Con el desengaño se adquiere conocimiento. Sancho llega a conocerse al conocer sus limitaciones. En su cabeza -opina Casalduero- queda castigada la ambición, con independencia de la conducta. La vida social desorienta al Hidalgo y al Escudero, pero de esa desorientación saldrá una guía definitiva. Al vencimiento de Don Quijote por el Bachiller se le atribuye el significado de derrumbamiento de un mundo: «Va a empezar a reinar la cordura. Todo lo que no sea límite y medida -en el sentido de mensurable- va a tener que desaparecer. El desvarío, el sueño de ideal va a ser sustituido por la razón». Nace otro mundo. La victoria de Sansón Carrasco es en provecho del mundo del Burgués. La muerte de Don Quijote es arquetípica, pues en su retorno a la razón hallamos la actitud general del hombre que, yendo a morir, reconoce la locura -la mentira- que es la vida. Casalduero, al señalar esta circunstancia, concreta la diferente consideración de la muerte en la Edad Media y en el Barroco: escena abstracta y hecho tratado de modo muy concreto, en la primera, y fenómeno espiritual, pero también «fisiológico y moral», en la segunda. La muerte de Don Quijote es otra lección, otra incitación al desengaño.

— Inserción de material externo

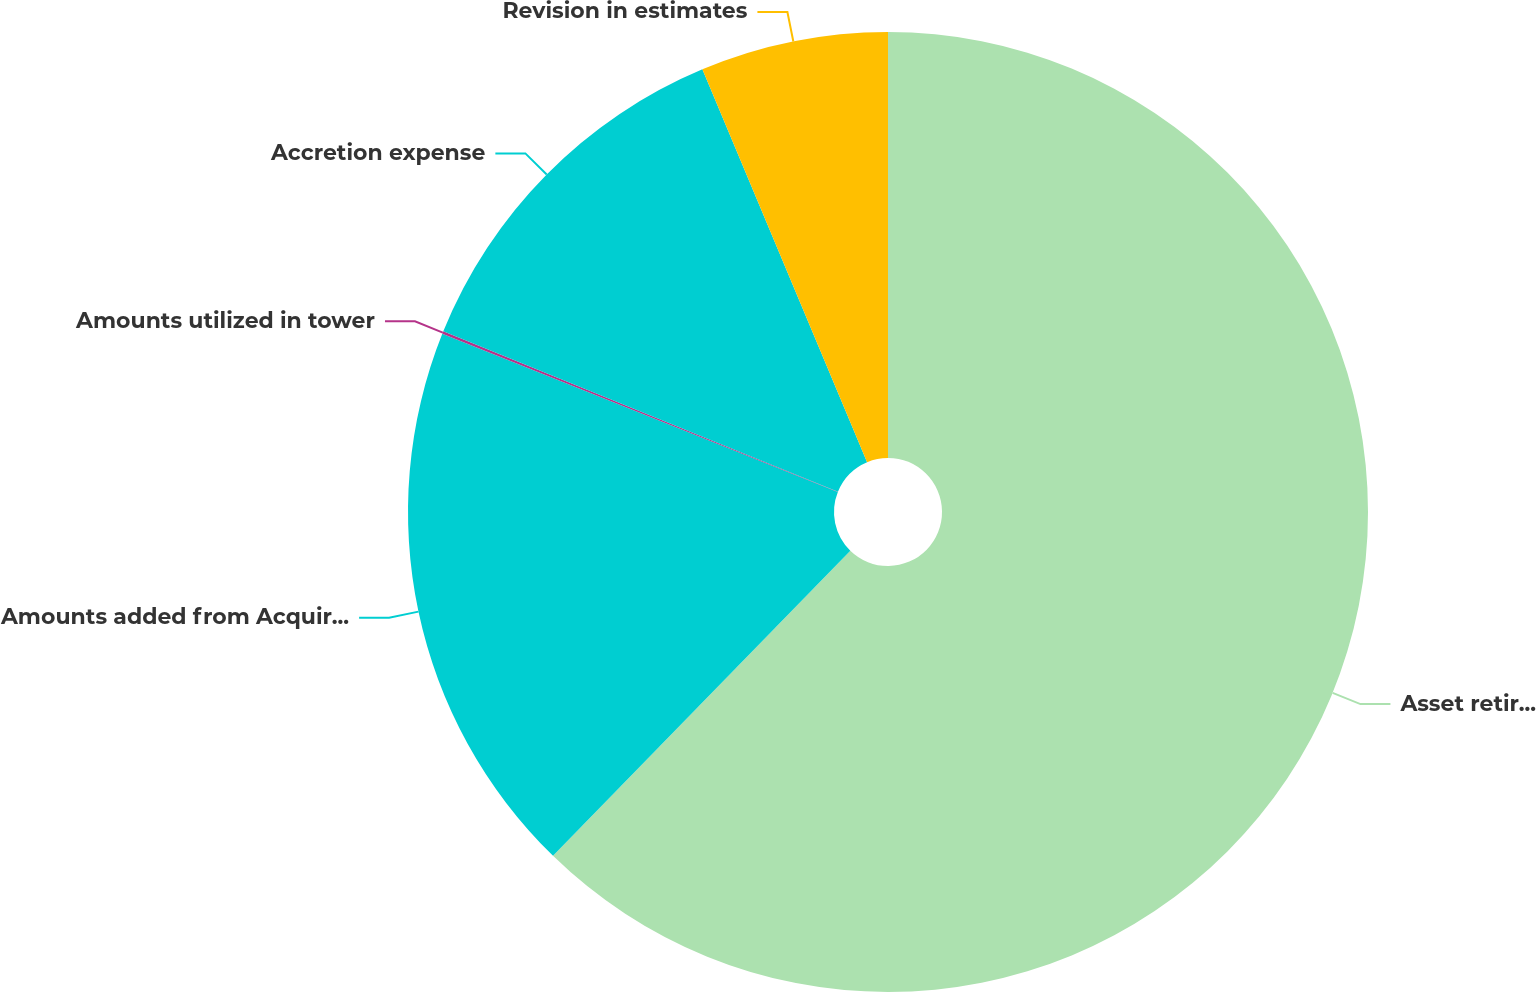Convert chart to OTSL. <chart><loc_0><loc_0><loc_500><loc_500><pie_chart><fcel>Asset retirement obligation at<fcel>Amounts added from Acquired<fcel>Amounts utilized in tower<fcel>Accretion expense<fcel>Revision in estimates<nl><fcel>62.3%<fcel>18.76%<fcel>0.09%<fcel>12.54%<fcel>6.32%<nl></chart>

No puedo alargar esta reseña, ya de considerable extensión, pero tampoco sería lícito concluirla sin hacer constar que Sentido y forma del Quijote es uno de los tres o cuatro libros más importantes que se han escrito nunca sobre la obra de Cervantes. Libro denso, caudaloso de ideas, personal en los juicios y construido con rigor en torno al propósito central de explicar a Cervantes por el Barroco, estudiándolo desde su tiempo, pero también desde el nuestro. Su lectura es iluminadora y fecunda. Cada página contiene observaciones valiosas y resultaría exagerado empeño pretender hacerse eco de todas. Conforme o no con las opiniones de Casalduero, nadie podrá negar que su libro lanza oleadas de luz sobre la magna creación cervantina; sobre una de aquellas obras que más limpiamente nos hacen sentir el orgullo y la grandeza de pertenecer a la especie humana.